[[ Given entries open ]]
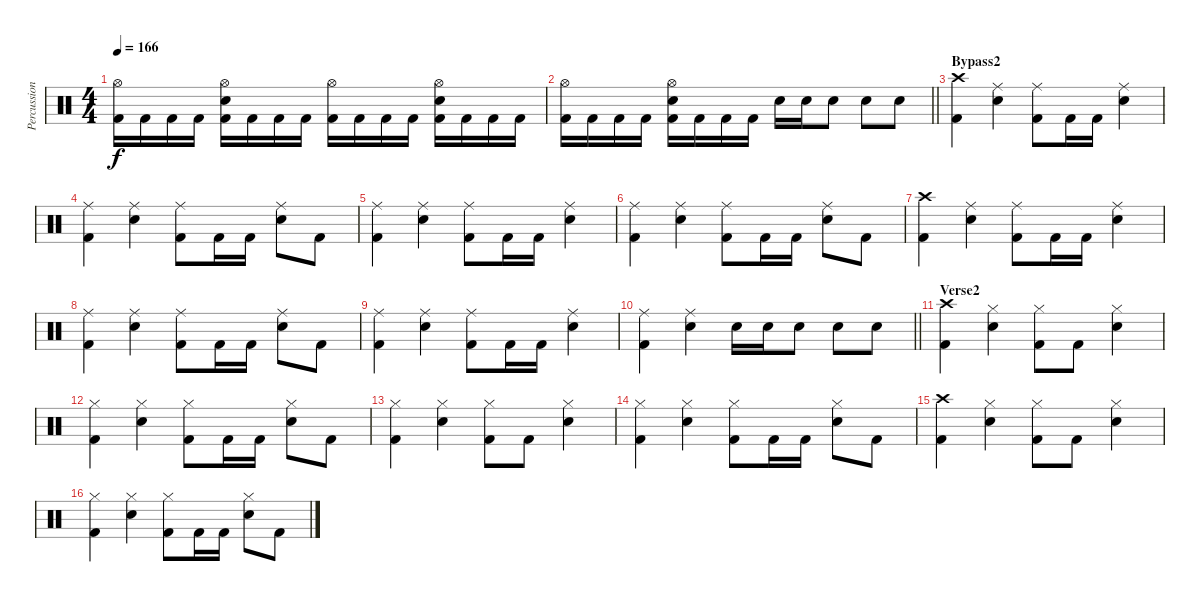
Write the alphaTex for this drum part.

\track ("Percussion" "Percussion") {solo instrument percussion}
\staff {score}
\articulation defaults
\ts (4 4)
\tempo 166
\clef neutral
\ks c
("Hi-Hat (open)" "Kick (hit) 2").16{dy f} "Kick (hit) 2".16 "Kick (hit) 2".16 "Kick (hit) 2".16 ("Snare (hit) 2" "Hi-Hat (open)" "Kick (hit) 2").16 "Kick (hit) 2".16 "Kick (hit) 2".16 "Kick (hit) 2".16 ("Hi-Hat (open)" "Kick (hit) 2").16 "Kick (hit) 2".16 "Kick (hit) 2".16 "Kick (hit) 2".16 ("Snare (hit) 2" "Hi-Hat (open)" "Kick (hit) 2").16 "Kick (hit) 2".16 "Kick (hit) 2".16 "Kick (hit) 2".16 |
\barLineRight lightlight
("Hi-Hat (open)" "Kick (hit) 2").16 "Kick (hit) 2".16 "Kick (hit) 2".16 "Kick (hit) 2".16 ("Snare (hit) 2" "Hi-Hat (open)" "Kick (hit) 2").16 "Kick (hit) 2".16 "Kick (hit) 2".16 "Kick (hit) 2".16 "Snare (hit) 2".16 "Snare (hit) 2".16 "Snare (hit) 2".8 "Snare (hit) 2".8 "Snare (hit) 2".8 |
\section ("" "Bypass2")
("Crash high (hit)" "Kick (hit) 2").4 ("Snare (hit) 2" "Ride (middle)").4 ("Ride (middle)" "Kick (hit) 2").8 "Kick (hit) 2".16 "Kick (hit) 2".16 ("Snare (hit) 2" "Ride (middle)").4 |
("Ride (middle)" "Kick (hit) 2").4 ("Snare (hit) 2" "Ride (middle)").4 ("Ride (middle)" "Kick (hit) 2").8 "Kick (hit) 2".16 "Kick (hit) 2".16 ("Ride (middle)" "Snare (hit) 2").8 "Kick (hit) 2".8 |
("Ride (middle)" "Kick (hit) 2").4 ("Snare (hit) 2" "Ride (middle)").4 ("Ride (middle)" "Kick (hit) 2").8 "Kick (hit) 2".16 "Kick (hit) 2".16 ("Ride (middle)" "Snare (hit) 2").4 |
("Ride (middle)" "Kick (hit) 2").4 ("Snare (hit) 2" "Ride (middle)").4 ("Ride (middle)" "Kick (hit) 2").8 "Kick (hit) 2".16 "Kick (hit) 2".16 ("Ride (middle)" "Snare (hit) 2").8 "Kick (hit) 2".8 |
("Crash high (hit)" "Kick (hit) 2").4 ("Snare (hit) 2" "Ride (middle)").4 ("Ride (middle)" "Kick (hit) 2").8 "Kick (hit) 2".16 "Kick (hit) 2".16 ("Snare (hit) 2" "Ride (middle)").4 |
("Ride (middle)" "Kick (hit) 2").4 ("Snare (hit) 2" "Ride (middle)").4 ("Ride (middle)" "Kick (hit) 2").8 "Kick (hit) 2".16 "Kick (hit) 2".16 ("Ride (middle)" "Snare (hit) 2").8 "Kick (hit) 2".8 |
("Ride (middle)" "Kick (hit) 2").4 ("Snare (hit) 2" "Ride (middle)").4 ("Ride (middle)" "Kick (hit) 2").8 "Kick (hit) 2".16 "Kick (hit) 2".16 ("Ride (middle)" "Snare (hit) 2").4 |
\barLineRight lightlight
("Ride (middle)" "Kick (hit) 2").4 ("Snare (hit) 2" "Ride (middle)").4 "Snare (hit) 2".16 "Snare (hit) 2".16 "Snare (hit) 2".8 "Snare (hit) 2".8 "Snare (hit) 2".8 |
\section ("" "Verse2")
\ks aminor
("Crash high (hit)" "Kick (hit) 2").4 ("Hi-Hat (closed)" "Snare (hit) 2").4 ("Hi-Hat (closed)" "Kick (hit) 2").8 "Kick (hit) 2".8 ("Hi-Hat (closed)" "Snare (hit) 2").4 |
("Hi-Hat (closed)" "Kick (hit) 2").4 ("Hi-Hat (closed)" "Snare (hit) 2").4 ("Hi-Hat (closed)" "Kick (hit) 2").8 "Kick (hit) 2".16 "Kick (hit) 2".16 ("Hi-Hat (closed)" "Snare (hit) 2").8 "Kick (hit) 2".8 |
("Hi-Hat (closed)" "Kick (hit) 2").4 ("Hi-Hat (closed)" "Snare (hit) 2").4 ("Hi-Hat (closed)" "Kick (hit) 2").8 "Kick (hit) 2".8 ("Hi-Hat (closed)" "Snare (hit) 2").4 |
("Hi-Hat (closed)" "Kick (hit) 2").4 ("Hi-Hat (closed)" "Snare (hit) 2").4 ("Hi-Hat (closed)" "Kick (hit) 2").8 "Kick (hit) 2".16 "Kick (hit) 2".16 ("Hi-Hat (closed)" "Snare (hit) 2").8 "Kick (hit) 2".8 |
("Crash high (hit)" "Kick (hit) 2").4 ("Hi-Hat (closed)" "Snare (hit) 2").4 ("Hi-Hat (closed)" "Kick (hit) 2").8 "Kick (hit) 2".8 ("Hi-Hat (closed)" "Snare (hit) 2").4 |
("Hi-Hat (closed)" "Kick (hit) 2").4 ("Hi-Hat (closed)" "Snare (hit) 2").4 ("Hi-Hat (closed)" "Kick (hit) 2").8 "Kick (hit) 2".16 "Kick (hit) 2".16 ("Hi-Hat (closed)" "Snare (hit) 2").8 "Kick (hit) 2".8
[[ Given entries closed ]]
Repeat each entry exactly as given; no pictures belong in the copy.

Write the alphaTex for this drum part.

\track ("Percussion" "Percussion") {solo instrument percussion}
\staff {score}
\articulation defaults
\ts (4 4)
\tempo 166
\clef neutral
\ks c
("Hi-Hat (open)" "Kick (hit) 2").16{dy f} "Kick (hit) 2".16 "Kick (hit) 2".16 "Kick (hit) 2".16 ("Snare (hit) 2" "Hi-Hat (open)" "Kick (hit) 2").16 "Kick (hit) 2".16 "Kick (hit) 2".16 "Kick (hit) 2".16 ("Hi-Hat (open)" "Kick (hit) 2").16 "Kick (hit) 2".16 "Kick (hit) 2".16 "Kick (hit) 2".16 ("Snare (hit) 2" "Hi-Hat (open)" "Kick (hit) 2").16 "Kick (hit) 2".16 "Kick (hit) 2".16 "Kick (hit) 2".16 |
\barLineRight lightlight
("Hi-Hat (open)" "Kick (hit) 2").16 "Kick (hit) 2".16 "Kick (hit) 2".16 "Kick (hit) 2".16 ("Snare (hit) 2" "Hi-Hat (open)" "Kick (hit) 2").16 "Kick (hit) 2".16 "Kick (hit) 2".16 "Kick (hit) 2".16 "Snare (hit) 2".16 "Snare (hit) 2".16 "Snare (hit) 2".8 "Snare (hit) 2".8 "Snare (hit) 2".8 |
\section ("" "Bypass2")
("Crash high (hit)" "Kick (hit) 2").4 ("Snare (hit) 2" "Ride (middle)").4 ("Ride (middle)" "Kick (hit) 2").8 "Kick (hit) 2".16 "Kick (hit) 2".16 ("Snare (hit) 2" "Ride (middle)").4 |
("Ride (middle)" "Kick (hit) 2").4 ("Snare (hit) 2" "Ride (middle)").4 ("Ride (middle)" "Kick (hit) 2").8 "Kick (hit) 2".16 "Kick (hit) 2".16 ("Ride (middle)" "Snare (hit) 2").8 "Kick (hit) 2".8 |
("Ride (middle)" "Kick (hit) 2").4 ("Snare (hit) 2" "Ride (middle)").4 ("Ride (middle)" "Kick (hit) 2").8 "Kick (hit) 2".16 "Kick (hit) 2".16 ("Ride (middle)" "Snare (hit) 2").4 |
("Ride (middle)" "Kick (hit) 2").4 ("Snare (hit) 2" "Ride (middle)").4 ("Ride (middle)" "Kick (hit) 2").8 "Kick (hit) 2".16 "Kick (hit) 2".16 ("Ride (middle)" "Snare (hit) 2").8 "Kick (hit) 2".8 |
("Crash high (hit)" "Kick (hit) 2").4 ("Snare (hit) 2" "Ride (middle)").4 ("Ride (middle)" "Kick (hit) 2").8 "Kick (hit) 2".16 "Kick (hit) 2".16 ("Snare (hit) 2" "Ride (middle)").4 |
("Ride (middle)" "Kick (hit) 2").4 ("Snare (hit) 2" "Ride (middle)").4 ("Ride (middle)" "Kick (hit) 2").8 "Kick (hit) 2".16 "Kick (hit) 2".16 ("Ride (middle)" "Snare (hit) 2").8 "Kick (hit) 2".8 |
("Ride (middle)" "Kick (hit) 2").4 ("Snare (hit) 2" "Ride (middle)").4 ("Ride (middle)" "Kick (hit) 2").8 "Kick (hit) 2".16 "Kick (hit) 2".16 ("Ride (middle)" "Snare (hit) 2").4 |
\barLineRight lightlight
("Ride (middle)" "Kick (hit) 2").4 ("Snare (hit) 2" "Ride (middle)").4 "Snare (hit) 2".16 "Snare (hit) 2".16 "Snare (hit) 2".8 "Snare (hit) 2".8 "Snare (hit) 2".8 |
\section ("" "Verse2")
\ks aminor
("Crash high (hit)" "Kick (hit) 2").4 ("Hi-Hat (closed)" "Snare (hit) 2").4 ("Hi-Hat (closed)" "Kick (hit) 2").8 "Kick (hit) 2".8 ("Hi-Hat (closed)" "Snare (hit) 2").4 |
("Hi-Hat (closed)" "Kick (hit) 2").4 ("Hi-Hat (closed)" "Snare (hit) 2").4 ("Hi-Hat (closed)" "Kick (hit) 2").8 "Kick (hit) 2".16 "Kick (hit) 2".16 ("Hi-Hat (closed)" "Snare (hit) 2").8 "Kick (hit) 2".8 |
("Hi-Hat (closed)" "Kick (hit) 2").4 ("Hi-Hat (closed)" "Snare (hit) 2").4 ("Hi-Hat (closed)" "Kick (hit) 2").8 "Kick (hit) 2".8 ("Hi-Hat (closed)" "Snare (hit) 2").4 |
("Hi-Hat (closed)" "Kick (hit) 2").4 ("Hi-Hat (closed)" "Snare (hit) 2").4 ("Hi-Hat (closed)" "Kick (hit) 2").8 "Kick (hit) 2".16 "Kick (hit) 2".16 ("Hi-Hat (closed)" "Snare (hit) 2").8 "Kick (hit) 2".8 |
("Crash high (hit)" "Kick (hit) 2").4 ("Hi-Hat (closed)" "Snare (hit) 2").4 ("Hi-Hat (closed)" "Kick (hit) 2").8 "Kick (hit) 2".8 ("Hi-Hat (closed)" "Snare (hit) 2").4 |
("Hi-Hat (closed)" "Kick (hit) 2").4 ("Hi-Hat (closed)" "Snare (hit) 2").4 ("Hi-Hat (closed)" "Kick (hit) 2").8 "Kick (hit) 2".16 "Kick (hit) 2".16 ("Hi-Hat (closed)" "Snare (hit) 2").8 "Kick (hit) 2".8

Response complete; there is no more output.